Do you ever find strange emails in your inbox? Vague threats of legal prosecution or meal point deficits? If so, you might be the target of PHISHING! While this might sound like a nice day out on the lake with the boys, it’s not nearly as sick nasty. It’s just sick. And it’s nasty. Ghouls on the internet want to steal your information, and they’re gonna send you emails to get it.
As a result of such a pressing threat, WashU’s heroic IT department, our last line of defense, uses the enemy’s tactics against them. By flooding students’ inboxes with phishing emails of their own, IT hopes to train the masses to recognize these bogus messages.
“We pretty much just send really scary emails at like 8:30 in the morning. That’s when the students are most vulnerable,” said IT department chair Goon Robson, “It’s been working a little too well. We’re phishing the hell out of these kids.”
“I got this freshman with the classic: ‘your mom’s dead, gimme money’ trick,” said lead phisherman Rutherford Steez, “Honestly, I bet I’d make more money running a real phishing operation than working here.”
UPDATE:
In the past week, phishing activity at WashU has increased tenfold; students have been hit with a barrage of fake parking tickets, requests for password confirmation, and messages from hot milfs in their area. Meanwhile, the IT department is nowhere to be found. One student, Brandon Scungis, had this to say about the phishing fiasco: “Just yesterday, I got an email from Boeing. They offered me a job making mini WMDs for household use, but when I clicked ‘accept’, all my V-Bucks disappeared!”

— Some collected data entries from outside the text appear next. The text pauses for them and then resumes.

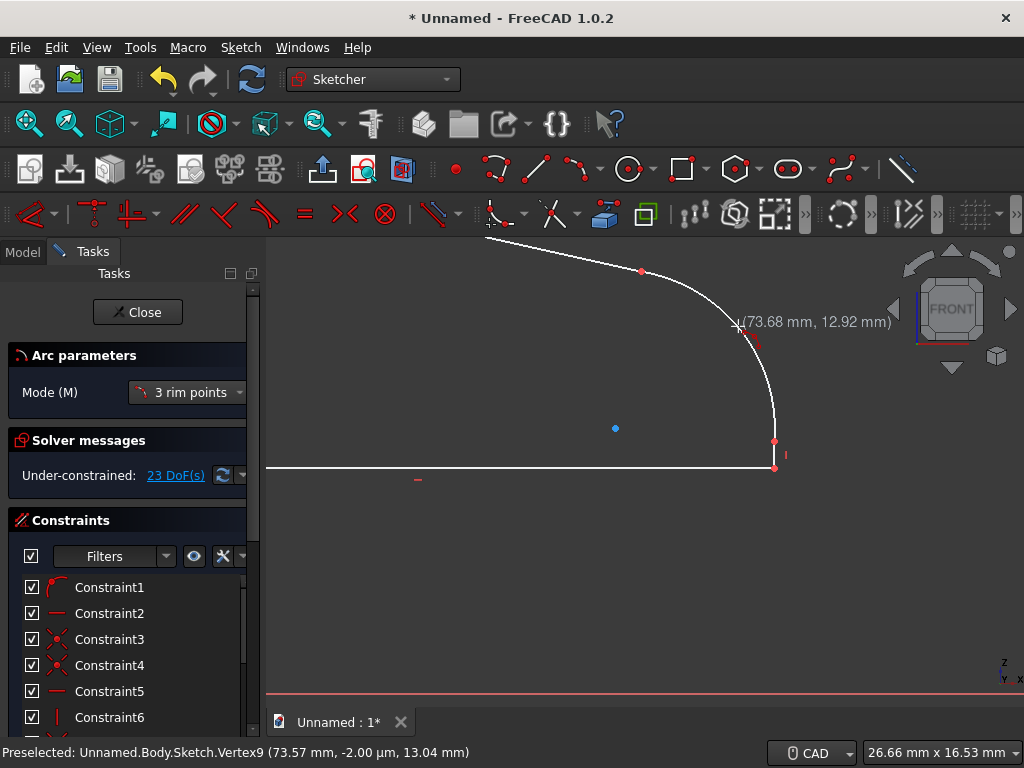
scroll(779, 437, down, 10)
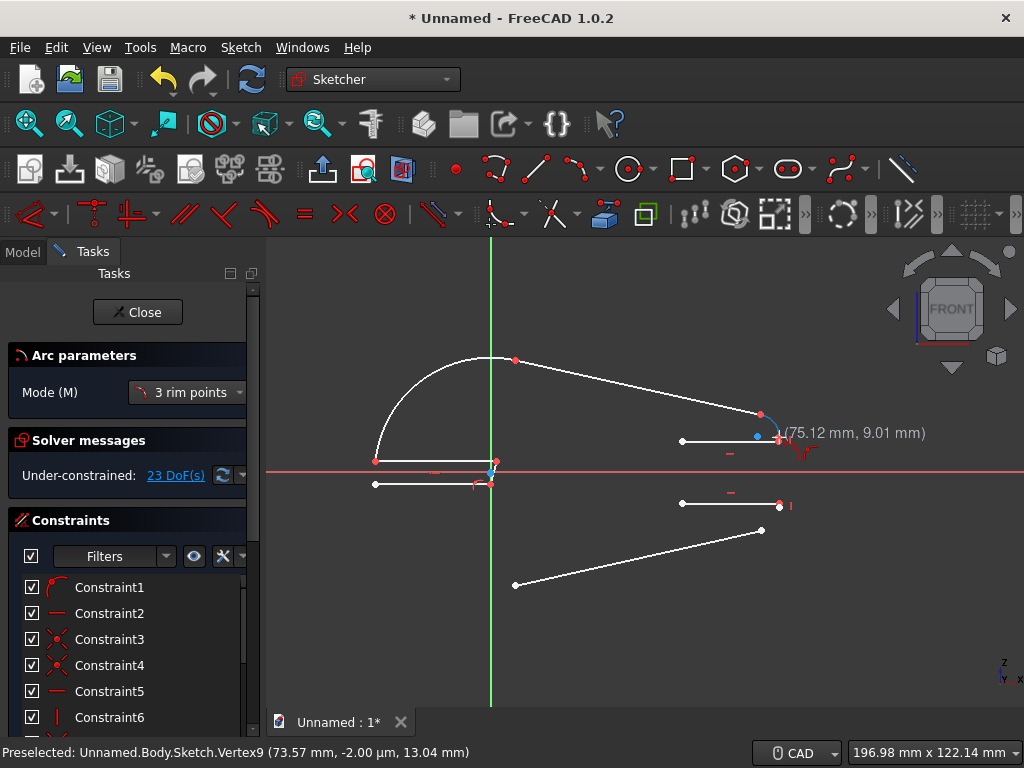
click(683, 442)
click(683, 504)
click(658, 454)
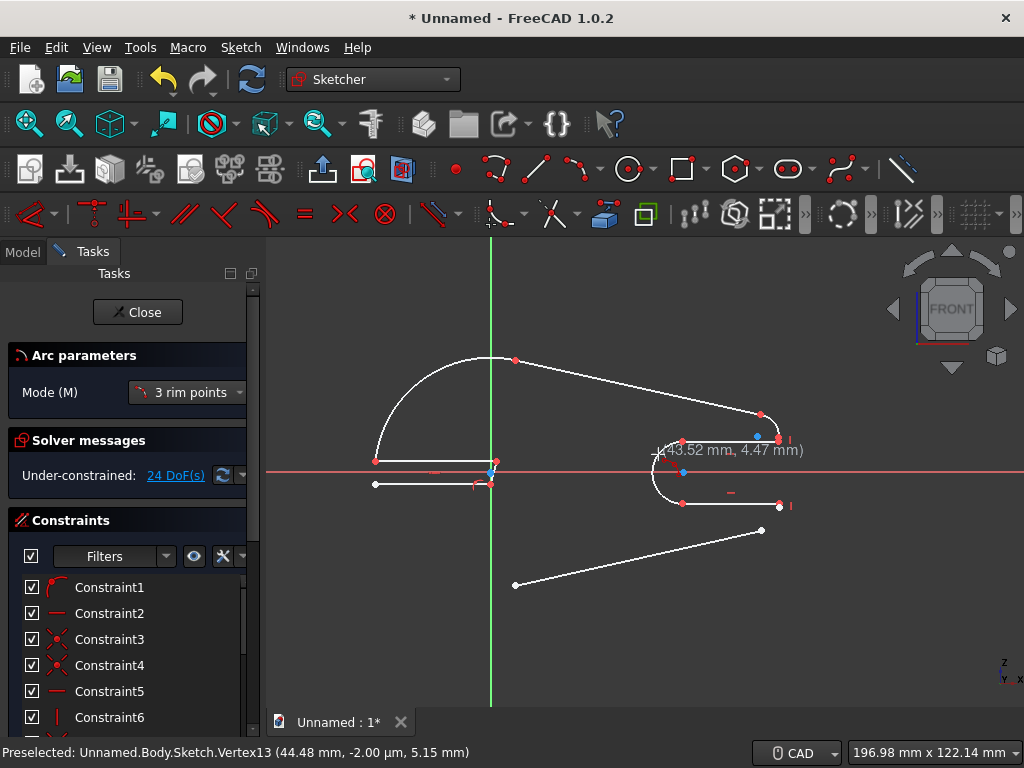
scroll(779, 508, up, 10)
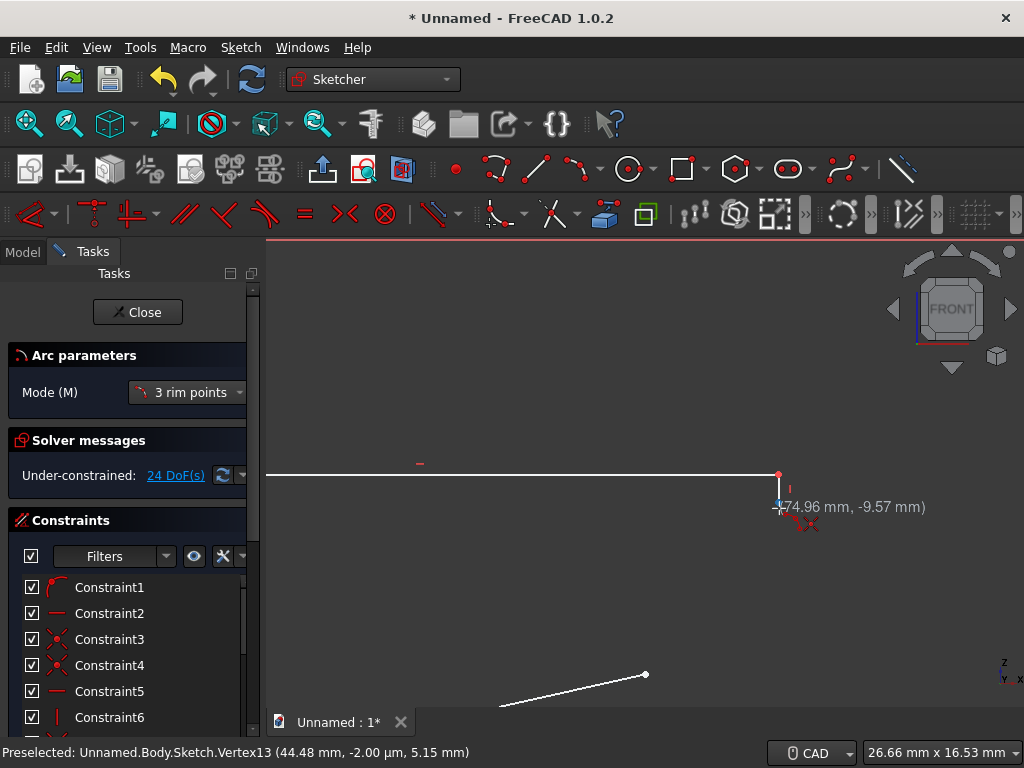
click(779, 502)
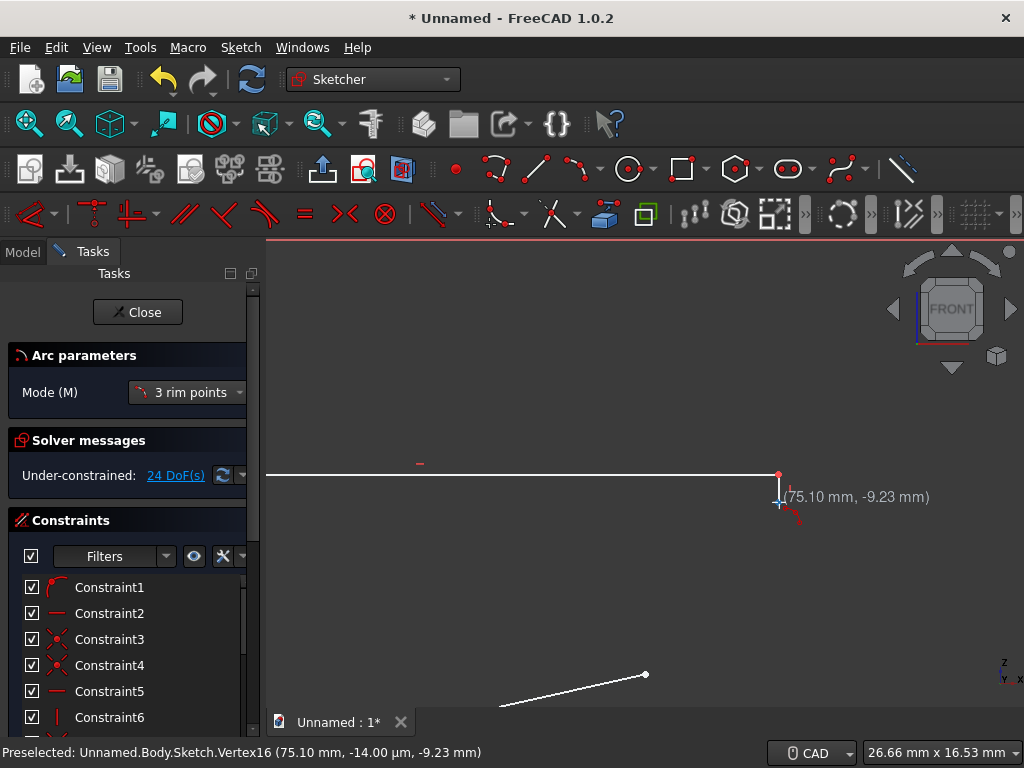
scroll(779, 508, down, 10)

I attempted to reach out to WashU IT for further comment, but all that remains of their website is a game that will (and I quote), “make you cum in five seconds”. My suspicions, like my email password, seemed to be confirmed. The WashU IT department had gone rogue, choosing to make hella money phishing wealthy college students. A victimless crime? Maybe. But as an English major once told me, a crime is a crime is a crime is a crime. (I think.) As the university has been left defenseless, the only advice I can give is to STOP READING YOUR EMAILS. All of them. None of them are safe. Set fire to your Outlook account. Become unphishable.